The lines to repeat are those below from the one containing "Could you help" down to the one containing "#5 car from (147, 199) to (155, 210)", both included; reproduce them exactly and nothing else.

[Opening Listed records section]

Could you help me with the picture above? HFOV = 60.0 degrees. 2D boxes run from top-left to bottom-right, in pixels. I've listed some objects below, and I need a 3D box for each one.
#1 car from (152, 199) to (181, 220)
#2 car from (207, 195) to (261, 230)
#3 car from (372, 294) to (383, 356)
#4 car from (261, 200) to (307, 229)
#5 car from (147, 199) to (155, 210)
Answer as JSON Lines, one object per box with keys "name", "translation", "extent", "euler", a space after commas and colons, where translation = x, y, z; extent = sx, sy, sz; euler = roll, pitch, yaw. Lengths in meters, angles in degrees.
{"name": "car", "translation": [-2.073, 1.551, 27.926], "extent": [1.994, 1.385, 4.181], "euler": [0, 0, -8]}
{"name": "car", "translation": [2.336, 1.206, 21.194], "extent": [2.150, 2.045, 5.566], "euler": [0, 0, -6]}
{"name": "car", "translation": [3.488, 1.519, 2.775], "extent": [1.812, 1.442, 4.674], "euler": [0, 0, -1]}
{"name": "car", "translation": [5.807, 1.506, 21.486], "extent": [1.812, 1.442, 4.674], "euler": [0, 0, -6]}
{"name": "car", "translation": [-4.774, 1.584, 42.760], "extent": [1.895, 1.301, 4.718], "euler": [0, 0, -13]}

[Closing Listed records section]
[Opening Listed records section]

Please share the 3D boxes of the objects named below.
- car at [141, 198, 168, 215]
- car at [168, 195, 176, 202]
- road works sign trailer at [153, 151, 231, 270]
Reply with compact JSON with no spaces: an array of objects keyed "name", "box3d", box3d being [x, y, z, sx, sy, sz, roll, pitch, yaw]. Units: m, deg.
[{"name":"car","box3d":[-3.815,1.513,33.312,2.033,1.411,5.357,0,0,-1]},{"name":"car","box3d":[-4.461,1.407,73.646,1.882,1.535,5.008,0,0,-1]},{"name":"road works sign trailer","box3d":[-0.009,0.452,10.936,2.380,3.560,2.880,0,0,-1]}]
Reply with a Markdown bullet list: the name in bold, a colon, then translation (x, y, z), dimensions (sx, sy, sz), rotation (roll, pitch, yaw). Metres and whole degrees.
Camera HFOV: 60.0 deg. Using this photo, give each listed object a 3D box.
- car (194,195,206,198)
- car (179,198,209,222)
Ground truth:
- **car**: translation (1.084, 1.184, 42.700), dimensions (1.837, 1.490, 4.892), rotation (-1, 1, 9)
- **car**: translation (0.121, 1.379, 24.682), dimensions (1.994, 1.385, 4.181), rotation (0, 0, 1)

[Closing Listed records section]

■ Answer section:
Could you help me with the picture above? HFOV = 60.0 degrees. 2D boxes run from top-left to bottom-right, in pixels. I've listed some objects below, and I need a 3D box for each one.
#1 car from (152, 199) to (181, 220)
#2 car from (207, 195) to (261, 230)
#3 car from (372, 294) to (383, 356)
#4 car from (261, 200) to (307, 229)
#5 car from (147, 199) to (155, 210)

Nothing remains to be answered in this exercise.